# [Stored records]
::::::::

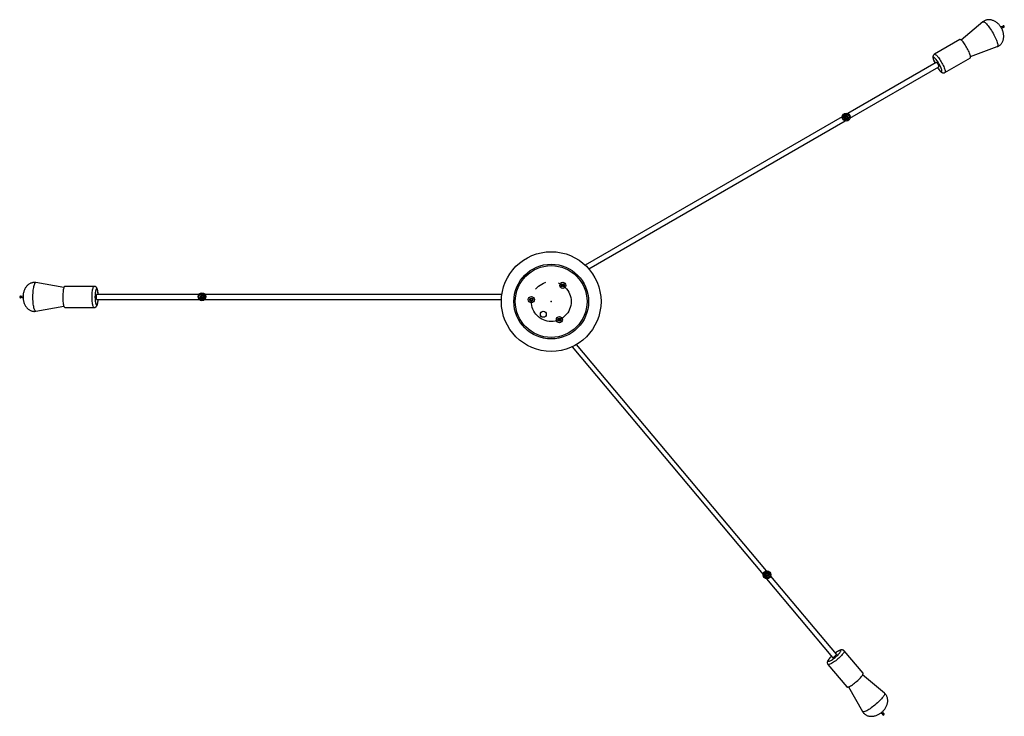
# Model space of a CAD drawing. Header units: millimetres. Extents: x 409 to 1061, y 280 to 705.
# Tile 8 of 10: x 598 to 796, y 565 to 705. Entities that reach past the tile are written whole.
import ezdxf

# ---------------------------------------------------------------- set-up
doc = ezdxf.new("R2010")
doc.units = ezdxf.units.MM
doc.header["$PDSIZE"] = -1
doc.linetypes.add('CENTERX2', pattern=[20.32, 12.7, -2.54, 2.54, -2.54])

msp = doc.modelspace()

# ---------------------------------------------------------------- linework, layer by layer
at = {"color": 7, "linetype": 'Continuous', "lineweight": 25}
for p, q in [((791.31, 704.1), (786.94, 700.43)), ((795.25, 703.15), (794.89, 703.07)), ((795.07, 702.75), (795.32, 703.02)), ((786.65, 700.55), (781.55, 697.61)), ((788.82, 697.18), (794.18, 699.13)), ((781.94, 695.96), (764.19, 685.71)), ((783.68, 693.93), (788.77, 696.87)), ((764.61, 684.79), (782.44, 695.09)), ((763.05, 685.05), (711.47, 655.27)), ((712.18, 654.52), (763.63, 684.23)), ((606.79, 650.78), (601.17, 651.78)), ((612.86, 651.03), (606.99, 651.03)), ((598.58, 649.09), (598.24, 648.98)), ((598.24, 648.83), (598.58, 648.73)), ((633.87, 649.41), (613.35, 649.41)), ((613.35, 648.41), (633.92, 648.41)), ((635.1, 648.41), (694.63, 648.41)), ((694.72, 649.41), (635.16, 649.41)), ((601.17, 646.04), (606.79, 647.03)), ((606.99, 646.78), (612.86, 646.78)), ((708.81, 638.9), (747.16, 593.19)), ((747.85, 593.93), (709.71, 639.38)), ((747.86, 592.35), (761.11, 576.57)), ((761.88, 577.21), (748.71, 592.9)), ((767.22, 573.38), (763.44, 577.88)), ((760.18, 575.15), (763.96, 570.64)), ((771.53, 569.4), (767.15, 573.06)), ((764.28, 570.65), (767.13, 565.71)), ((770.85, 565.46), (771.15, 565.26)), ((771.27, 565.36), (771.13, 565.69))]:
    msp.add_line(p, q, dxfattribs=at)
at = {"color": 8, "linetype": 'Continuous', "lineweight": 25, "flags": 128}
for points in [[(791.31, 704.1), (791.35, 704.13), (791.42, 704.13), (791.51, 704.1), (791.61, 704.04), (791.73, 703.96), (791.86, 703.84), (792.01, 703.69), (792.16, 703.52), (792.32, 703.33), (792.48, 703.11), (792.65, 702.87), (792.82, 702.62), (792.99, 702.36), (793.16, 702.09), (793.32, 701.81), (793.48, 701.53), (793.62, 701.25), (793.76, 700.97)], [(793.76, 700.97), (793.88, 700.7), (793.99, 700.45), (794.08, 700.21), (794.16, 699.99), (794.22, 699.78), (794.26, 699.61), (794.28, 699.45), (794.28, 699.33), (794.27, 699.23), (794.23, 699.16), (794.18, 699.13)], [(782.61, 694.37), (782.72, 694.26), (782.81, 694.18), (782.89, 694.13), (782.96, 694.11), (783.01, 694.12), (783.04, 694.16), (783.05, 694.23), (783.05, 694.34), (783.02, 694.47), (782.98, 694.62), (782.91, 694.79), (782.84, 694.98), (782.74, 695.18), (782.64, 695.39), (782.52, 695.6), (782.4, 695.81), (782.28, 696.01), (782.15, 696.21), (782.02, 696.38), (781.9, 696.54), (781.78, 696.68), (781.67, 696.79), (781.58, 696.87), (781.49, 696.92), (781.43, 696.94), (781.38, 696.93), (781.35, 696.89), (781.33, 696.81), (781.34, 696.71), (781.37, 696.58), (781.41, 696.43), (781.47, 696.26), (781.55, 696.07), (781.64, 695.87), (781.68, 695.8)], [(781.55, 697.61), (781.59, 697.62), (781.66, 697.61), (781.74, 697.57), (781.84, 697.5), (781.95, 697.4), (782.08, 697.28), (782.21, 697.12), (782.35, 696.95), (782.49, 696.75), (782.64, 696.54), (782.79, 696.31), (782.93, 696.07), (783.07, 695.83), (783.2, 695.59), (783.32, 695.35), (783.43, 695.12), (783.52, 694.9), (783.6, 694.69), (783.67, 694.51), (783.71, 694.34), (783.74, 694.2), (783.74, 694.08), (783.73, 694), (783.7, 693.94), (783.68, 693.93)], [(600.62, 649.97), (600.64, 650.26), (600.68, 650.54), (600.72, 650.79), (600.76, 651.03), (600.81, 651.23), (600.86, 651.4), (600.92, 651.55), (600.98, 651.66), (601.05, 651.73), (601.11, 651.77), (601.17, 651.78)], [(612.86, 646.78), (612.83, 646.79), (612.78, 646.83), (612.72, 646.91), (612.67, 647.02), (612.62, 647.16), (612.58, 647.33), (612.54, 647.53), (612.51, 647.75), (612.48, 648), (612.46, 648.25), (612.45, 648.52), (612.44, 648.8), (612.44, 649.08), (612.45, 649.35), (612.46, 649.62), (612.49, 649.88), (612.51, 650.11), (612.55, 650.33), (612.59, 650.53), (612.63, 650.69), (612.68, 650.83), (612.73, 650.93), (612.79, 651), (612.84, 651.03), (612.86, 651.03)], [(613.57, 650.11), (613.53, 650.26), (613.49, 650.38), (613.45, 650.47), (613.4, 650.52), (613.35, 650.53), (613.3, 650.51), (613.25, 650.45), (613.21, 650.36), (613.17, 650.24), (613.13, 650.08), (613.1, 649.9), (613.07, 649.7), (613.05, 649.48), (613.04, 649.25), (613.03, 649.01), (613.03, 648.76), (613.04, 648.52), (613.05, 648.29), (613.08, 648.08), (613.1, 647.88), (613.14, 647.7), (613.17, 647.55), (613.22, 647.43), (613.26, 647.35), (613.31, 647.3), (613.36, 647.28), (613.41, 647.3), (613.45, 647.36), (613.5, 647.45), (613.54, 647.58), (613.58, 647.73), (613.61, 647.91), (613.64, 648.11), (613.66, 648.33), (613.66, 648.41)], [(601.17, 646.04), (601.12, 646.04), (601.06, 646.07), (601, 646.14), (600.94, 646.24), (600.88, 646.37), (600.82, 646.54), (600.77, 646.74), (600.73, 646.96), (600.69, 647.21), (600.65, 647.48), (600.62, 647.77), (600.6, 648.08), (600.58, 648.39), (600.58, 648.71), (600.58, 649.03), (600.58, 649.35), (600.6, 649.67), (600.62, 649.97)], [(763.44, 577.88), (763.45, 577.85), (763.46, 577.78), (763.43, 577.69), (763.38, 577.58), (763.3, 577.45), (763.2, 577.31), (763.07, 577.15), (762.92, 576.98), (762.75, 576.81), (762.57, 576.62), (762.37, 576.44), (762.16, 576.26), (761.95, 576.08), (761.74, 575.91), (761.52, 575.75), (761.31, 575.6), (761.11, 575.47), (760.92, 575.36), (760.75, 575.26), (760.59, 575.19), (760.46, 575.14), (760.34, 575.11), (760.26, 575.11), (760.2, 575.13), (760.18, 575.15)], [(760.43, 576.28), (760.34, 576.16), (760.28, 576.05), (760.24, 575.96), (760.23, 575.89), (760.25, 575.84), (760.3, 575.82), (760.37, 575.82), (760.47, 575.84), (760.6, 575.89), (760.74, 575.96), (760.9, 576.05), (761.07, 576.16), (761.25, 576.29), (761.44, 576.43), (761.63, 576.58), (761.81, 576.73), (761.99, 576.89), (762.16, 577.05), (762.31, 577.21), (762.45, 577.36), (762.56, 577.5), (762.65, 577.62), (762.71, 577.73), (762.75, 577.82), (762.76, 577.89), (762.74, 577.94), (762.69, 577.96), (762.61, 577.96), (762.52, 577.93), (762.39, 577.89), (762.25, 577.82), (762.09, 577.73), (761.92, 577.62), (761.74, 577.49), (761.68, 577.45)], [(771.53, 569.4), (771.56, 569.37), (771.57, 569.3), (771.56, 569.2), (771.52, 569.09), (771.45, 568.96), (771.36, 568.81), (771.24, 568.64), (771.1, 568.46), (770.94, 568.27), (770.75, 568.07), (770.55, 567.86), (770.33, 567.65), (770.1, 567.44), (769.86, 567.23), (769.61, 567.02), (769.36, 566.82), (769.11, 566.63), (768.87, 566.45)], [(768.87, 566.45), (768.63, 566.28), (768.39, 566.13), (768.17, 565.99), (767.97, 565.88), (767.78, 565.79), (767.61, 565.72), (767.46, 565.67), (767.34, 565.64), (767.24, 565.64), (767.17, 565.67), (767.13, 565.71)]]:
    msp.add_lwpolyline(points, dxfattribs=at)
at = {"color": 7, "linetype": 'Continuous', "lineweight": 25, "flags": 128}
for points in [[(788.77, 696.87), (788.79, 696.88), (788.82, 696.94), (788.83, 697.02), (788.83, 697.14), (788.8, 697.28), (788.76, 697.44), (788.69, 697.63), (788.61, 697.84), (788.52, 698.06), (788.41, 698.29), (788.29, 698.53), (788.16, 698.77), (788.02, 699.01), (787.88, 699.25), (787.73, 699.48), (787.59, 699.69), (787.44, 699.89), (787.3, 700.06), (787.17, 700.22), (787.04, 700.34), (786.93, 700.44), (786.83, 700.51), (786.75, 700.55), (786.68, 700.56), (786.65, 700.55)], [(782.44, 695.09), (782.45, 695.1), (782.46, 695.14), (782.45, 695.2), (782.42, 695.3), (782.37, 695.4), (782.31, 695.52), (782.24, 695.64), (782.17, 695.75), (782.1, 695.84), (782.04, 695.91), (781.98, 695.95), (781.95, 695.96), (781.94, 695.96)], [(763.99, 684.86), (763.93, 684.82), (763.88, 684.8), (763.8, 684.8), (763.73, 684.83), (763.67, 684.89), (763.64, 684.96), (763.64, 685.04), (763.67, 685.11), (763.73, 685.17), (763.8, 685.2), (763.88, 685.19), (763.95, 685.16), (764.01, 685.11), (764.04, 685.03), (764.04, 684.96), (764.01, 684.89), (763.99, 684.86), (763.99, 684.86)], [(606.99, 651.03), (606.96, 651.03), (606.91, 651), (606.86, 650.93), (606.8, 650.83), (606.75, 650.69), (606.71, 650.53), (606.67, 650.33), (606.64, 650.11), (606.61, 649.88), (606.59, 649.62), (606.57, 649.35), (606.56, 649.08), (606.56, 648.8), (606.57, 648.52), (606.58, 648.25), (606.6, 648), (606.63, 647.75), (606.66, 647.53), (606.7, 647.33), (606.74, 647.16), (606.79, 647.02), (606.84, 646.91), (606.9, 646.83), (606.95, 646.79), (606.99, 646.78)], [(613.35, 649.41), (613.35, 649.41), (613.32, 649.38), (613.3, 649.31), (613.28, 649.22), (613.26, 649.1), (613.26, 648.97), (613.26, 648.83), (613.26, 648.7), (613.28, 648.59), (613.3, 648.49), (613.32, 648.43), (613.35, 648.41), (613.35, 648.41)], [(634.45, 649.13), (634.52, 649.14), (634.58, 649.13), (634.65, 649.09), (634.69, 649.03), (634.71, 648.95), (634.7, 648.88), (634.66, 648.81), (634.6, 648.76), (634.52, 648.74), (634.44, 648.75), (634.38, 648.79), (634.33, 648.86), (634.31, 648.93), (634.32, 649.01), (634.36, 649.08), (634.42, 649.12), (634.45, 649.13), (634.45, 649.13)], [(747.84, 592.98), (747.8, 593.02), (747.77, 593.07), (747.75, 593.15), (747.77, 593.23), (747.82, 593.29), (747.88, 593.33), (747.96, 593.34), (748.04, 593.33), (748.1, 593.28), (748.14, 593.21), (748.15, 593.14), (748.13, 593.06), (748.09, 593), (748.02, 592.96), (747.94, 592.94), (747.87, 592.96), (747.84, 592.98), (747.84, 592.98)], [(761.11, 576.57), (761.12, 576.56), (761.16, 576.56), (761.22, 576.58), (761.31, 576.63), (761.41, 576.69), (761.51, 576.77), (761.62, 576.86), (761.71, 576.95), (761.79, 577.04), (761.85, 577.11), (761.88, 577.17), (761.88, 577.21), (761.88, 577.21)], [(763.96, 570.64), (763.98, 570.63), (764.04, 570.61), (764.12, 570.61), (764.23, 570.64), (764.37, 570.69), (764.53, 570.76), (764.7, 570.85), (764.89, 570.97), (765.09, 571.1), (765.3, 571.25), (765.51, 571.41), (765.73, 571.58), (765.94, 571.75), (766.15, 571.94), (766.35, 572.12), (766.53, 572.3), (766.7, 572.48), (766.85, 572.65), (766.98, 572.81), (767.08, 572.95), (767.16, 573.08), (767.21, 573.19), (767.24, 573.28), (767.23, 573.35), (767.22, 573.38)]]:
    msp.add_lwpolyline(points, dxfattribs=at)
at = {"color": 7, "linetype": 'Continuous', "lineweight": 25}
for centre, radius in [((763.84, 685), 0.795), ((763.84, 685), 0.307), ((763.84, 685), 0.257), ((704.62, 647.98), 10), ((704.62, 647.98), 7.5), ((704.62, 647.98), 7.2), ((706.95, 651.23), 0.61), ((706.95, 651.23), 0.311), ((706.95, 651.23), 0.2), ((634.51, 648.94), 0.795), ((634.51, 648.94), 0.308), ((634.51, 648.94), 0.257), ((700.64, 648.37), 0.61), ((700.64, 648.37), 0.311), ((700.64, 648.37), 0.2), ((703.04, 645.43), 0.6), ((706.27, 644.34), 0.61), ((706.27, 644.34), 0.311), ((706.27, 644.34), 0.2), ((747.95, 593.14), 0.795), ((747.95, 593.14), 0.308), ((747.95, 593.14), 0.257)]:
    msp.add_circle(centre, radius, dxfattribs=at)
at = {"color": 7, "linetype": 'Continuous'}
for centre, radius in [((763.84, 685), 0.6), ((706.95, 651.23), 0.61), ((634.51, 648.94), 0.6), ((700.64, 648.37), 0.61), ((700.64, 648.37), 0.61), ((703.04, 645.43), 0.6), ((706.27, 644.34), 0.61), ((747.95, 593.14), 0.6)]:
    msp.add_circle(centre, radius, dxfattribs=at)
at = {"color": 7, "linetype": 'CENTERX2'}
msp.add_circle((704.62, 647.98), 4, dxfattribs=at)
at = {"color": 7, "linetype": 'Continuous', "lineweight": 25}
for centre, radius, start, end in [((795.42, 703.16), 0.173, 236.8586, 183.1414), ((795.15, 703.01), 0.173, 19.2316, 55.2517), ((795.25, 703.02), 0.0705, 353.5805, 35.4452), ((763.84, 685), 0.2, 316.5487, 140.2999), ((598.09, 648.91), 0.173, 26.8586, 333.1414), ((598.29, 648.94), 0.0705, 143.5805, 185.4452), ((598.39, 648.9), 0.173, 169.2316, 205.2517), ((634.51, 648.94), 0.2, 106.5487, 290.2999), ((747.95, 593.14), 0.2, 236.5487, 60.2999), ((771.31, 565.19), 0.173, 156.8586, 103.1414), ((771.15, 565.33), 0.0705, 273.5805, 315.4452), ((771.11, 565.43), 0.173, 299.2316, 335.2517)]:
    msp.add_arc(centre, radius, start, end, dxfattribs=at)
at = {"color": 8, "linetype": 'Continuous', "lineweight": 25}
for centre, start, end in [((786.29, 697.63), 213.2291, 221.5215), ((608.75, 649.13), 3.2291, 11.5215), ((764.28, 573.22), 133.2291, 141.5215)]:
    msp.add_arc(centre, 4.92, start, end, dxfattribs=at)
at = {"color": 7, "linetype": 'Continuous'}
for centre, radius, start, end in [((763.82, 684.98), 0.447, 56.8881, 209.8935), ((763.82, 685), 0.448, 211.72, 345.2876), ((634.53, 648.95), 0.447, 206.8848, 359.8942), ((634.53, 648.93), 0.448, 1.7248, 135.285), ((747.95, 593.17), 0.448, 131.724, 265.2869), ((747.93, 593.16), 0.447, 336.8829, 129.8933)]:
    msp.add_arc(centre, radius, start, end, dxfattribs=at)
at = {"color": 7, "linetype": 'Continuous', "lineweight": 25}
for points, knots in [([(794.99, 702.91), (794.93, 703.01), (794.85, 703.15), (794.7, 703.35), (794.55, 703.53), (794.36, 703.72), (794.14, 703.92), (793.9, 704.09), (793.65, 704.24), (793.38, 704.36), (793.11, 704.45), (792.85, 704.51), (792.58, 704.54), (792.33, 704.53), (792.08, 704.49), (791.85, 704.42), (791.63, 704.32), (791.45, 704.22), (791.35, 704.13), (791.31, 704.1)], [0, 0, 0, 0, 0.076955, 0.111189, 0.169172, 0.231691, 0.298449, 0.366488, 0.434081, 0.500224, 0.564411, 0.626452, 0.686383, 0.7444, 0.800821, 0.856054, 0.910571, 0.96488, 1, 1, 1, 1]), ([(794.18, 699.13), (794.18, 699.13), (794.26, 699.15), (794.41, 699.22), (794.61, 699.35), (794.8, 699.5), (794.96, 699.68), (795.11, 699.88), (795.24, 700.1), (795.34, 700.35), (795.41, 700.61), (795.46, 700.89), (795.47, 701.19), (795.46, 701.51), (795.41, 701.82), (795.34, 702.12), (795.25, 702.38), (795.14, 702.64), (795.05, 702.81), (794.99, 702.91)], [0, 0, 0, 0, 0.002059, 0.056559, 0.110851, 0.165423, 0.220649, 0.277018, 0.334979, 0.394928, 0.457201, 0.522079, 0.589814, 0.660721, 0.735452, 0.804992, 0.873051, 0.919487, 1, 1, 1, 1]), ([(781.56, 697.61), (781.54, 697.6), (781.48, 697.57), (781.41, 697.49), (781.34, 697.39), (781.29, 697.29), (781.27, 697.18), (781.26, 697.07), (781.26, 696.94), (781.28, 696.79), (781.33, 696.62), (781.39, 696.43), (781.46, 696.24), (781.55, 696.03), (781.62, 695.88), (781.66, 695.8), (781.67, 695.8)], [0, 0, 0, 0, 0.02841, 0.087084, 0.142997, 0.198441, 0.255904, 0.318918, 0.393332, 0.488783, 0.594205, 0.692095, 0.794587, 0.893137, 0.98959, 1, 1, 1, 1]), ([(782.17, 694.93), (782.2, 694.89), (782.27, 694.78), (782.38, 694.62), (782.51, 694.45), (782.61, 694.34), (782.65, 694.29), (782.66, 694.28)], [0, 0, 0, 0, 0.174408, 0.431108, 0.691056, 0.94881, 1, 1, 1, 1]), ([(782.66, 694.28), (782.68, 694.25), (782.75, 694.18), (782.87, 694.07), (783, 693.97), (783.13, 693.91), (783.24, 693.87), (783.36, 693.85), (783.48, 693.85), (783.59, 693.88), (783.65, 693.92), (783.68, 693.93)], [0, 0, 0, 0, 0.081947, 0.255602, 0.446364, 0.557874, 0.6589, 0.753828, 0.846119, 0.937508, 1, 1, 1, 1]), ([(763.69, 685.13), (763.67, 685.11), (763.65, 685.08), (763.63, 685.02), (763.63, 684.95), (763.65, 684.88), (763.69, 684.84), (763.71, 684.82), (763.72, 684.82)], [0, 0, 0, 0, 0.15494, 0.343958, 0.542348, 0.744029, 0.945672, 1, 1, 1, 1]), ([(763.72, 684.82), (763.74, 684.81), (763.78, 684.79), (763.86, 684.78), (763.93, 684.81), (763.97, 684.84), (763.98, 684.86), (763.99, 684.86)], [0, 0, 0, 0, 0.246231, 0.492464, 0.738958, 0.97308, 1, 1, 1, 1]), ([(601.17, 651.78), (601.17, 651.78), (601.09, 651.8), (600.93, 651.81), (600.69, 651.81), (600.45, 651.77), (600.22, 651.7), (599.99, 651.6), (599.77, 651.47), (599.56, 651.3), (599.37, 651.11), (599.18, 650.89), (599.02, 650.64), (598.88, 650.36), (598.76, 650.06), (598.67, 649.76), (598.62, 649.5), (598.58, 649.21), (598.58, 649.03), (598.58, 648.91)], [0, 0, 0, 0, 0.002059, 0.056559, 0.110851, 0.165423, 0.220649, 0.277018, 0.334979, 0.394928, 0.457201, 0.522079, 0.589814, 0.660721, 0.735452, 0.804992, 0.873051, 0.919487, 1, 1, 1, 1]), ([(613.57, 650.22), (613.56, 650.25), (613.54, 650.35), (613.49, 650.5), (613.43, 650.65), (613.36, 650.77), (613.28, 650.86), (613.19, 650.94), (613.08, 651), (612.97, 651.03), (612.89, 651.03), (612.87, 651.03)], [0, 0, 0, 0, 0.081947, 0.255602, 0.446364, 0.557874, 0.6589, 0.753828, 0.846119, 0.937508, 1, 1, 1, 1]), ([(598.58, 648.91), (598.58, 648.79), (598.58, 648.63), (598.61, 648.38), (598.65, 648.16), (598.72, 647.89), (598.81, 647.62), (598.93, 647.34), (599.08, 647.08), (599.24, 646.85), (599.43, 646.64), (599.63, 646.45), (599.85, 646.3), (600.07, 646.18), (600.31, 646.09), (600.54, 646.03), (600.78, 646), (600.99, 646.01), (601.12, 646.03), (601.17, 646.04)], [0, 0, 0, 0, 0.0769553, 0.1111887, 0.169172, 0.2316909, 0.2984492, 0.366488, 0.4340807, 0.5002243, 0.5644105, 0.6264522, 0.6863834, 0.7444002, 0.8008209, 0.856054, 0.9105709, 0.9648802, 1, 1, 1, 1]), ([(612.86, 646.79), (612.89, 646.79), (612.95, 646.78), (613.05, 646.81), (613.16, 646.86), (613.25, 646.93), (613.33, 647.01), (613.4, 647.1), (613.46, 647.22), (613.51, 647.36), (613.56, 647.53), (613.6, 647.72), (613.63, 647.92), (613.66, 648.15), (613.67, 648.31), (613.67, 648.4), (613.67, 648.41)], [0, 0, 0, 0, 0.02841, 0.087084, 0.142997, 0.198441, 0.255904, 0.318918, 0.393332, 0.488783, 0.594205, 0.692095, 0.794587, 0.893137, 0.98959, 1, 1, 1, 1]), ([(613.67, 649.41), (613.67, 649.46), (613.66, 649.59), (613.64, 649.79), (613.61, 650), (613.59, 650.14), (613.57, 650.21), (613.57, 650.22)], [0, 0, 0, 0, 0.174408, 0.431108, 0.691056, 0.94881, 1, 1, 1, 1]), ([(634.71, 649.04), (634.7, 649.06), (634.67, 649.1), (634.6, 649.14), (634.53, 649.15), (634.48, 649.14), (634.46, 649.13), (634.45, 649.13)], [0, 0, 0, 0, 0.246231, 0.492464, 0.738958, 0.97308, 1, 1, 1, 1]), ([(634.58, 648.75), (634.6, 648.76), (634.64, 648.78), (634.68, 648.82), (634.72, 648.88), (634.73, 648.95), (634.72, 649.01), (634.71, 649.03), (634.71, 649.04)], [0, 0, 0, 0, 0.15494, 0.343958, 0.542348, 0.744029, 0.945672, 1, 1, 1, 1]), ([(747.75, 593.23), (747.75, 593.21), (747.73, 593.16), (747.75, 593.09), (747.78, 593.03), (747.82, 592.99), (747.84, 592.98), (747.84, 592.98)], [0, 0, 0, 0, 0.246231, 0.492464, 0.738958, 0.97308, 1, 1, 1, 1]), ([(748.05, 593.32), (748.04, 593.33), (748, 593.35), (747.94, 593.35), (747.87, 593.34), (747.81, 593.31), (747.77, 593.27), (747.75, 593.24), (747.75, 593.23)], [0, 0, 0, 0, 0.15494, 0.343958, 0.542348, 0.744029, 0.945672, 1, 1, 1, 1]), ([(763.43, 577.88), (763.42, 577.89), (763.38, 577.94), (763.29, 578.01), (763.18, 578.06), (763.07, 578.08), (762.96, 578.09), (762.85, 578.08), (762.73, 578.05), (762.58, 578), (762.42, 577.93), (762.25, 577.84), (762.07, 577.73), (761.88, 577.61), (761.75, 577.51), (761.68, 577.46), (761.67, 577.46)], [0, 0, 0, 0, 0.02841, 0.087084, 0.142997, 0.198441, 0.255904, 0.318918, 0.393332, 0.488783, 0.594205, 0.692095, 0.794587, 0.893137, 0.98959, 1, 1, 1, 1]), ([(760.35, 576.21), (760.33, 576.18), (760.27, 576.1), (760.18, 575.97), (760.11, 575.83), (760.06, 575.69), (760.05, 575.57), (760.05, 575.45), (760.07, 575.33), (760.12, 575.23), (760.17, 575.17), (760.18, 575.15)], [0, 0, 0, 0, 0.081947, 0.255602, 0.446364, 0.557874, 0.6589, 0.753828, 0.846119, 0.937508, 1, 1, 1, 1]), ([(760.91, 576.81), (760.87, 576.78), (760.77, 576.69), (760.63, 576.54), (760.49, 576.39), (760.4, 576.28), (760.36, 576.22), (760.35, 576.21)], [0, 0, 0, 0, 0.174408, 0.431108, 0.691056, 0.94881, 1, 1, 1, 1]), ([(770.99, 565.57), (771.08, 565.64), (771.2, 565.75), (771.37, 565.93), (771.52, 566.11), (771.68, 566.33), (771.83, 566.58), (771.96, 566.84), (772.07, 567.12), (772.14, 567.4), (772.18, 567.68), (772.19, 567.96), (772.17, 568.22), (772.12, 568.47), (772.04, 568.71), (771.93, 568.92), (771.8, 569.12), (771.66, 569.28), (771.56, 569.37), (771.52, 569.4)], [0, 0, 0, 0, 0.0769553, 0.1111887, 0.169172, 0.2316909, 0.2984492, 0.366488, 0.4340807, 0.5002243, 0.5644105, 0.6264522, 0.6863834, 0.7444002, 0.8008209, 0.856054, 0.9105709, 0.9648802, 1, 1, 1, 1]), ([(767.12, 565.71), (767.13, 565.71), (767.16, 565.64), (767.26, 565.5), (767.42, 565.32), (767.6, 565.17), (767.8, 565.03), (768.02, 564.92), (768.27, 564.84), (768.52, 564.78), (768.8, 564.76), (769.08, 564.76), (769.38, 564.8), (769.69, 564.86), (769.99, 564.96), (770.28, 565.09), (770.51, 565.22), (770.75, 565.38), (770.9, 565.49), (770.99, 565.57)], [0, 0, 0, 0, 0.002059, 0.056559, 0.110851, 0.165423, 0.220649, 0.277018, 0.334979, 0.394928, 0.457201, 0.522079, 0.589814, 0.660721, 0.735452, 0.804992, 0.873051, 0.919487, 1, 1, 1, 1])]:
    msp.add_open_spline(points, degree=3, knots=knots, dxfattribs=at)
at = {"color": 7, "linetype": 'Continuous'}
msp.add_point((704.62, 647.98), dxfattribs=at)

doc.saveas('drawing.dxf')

::::::::

Pictures stay out. Print the data exactly, from its first line through the line containing "for p, q in".

# Model space of a CAD drawing. Header units: millimetres. Extents: x 409 to 1061, y 280 to 705.
# Tile 8 of 10: x 598 to 796, y 565 to 705. Entities that reach past the tile are written whole.
import ezdxf

# ---------------------------------------------------------------- set-up
doc = ezdxf.new("R2010")
doc.units = ezdxf.units.MM
doc.header["$PDSIZE"] = -1
doc.linetypes.add('CENTERX2', pattern=[20.32, 12.7, -2.54, 2.54, -2.54])

msp = doc.modelspace()

# ---------------------------------------------------------------- linework, layer by layer
at = {"color": 7, "linetype": 'Continuous', "lineweight": 25}
for p, q in [((791.31, 704.1), (786.94, 700.43)), ((795.25, 703.15), (794.89, 703.07)), ((795.07, 702.75), (795.32, 703.02)), ((786.65, 700.55), (781.55, 697.61)), ((788.82, 697.18), (794.18, 699.13)), ((781.94, 695.96), (764.19, 685.71)), ((783.68, 693.93), (788.77, 696.87)), ((764.61, 684.79), (782.44, 695.09)), ((763.05, 685.05), (711.47, 655.27)), ((712.18, 654.52), (763.63, 684.23)), ((606.79, 650.78), (601.17, 651.78)), ((612.86, 651.03), (606.99, 651.03)), ((598.58, 649.09), (598.24, 648.98)), ((598.24, 648.83), (598.58, 648.73)), ((633.87, 649.41), (613.35, 649.41)), ((613.35, 648.41), (633.92, 648.41)), ((635.1, 648.41), (694.63, 648.41)), ((694.72, 649.41), (635.16, 649.41)), ((601.17, 646.04), (606.79, 647.03)), ((606.99, 646.78), (612.86, 646.78)), ((708.81, 638.9), (747.16, 593.19)), ((747.85, 593.93), (709.71, 639.38)), ((747.86, 592.35), (761.11, 576.57)), ((761.88, 577.21), (748.71, 592.9)), ((767.22, 573.38), (763.44, 577.88)), ((760.18, 575.15), (763.96, 570.64)), ((771.53, 569.4), (767.15, 573.06)), ((764.28, 570.65), (767.13, 565.71)), ((770.85, 565.46), (771.15, 565.26)), ((771.27, 565.36), (771.13, 565.69))]:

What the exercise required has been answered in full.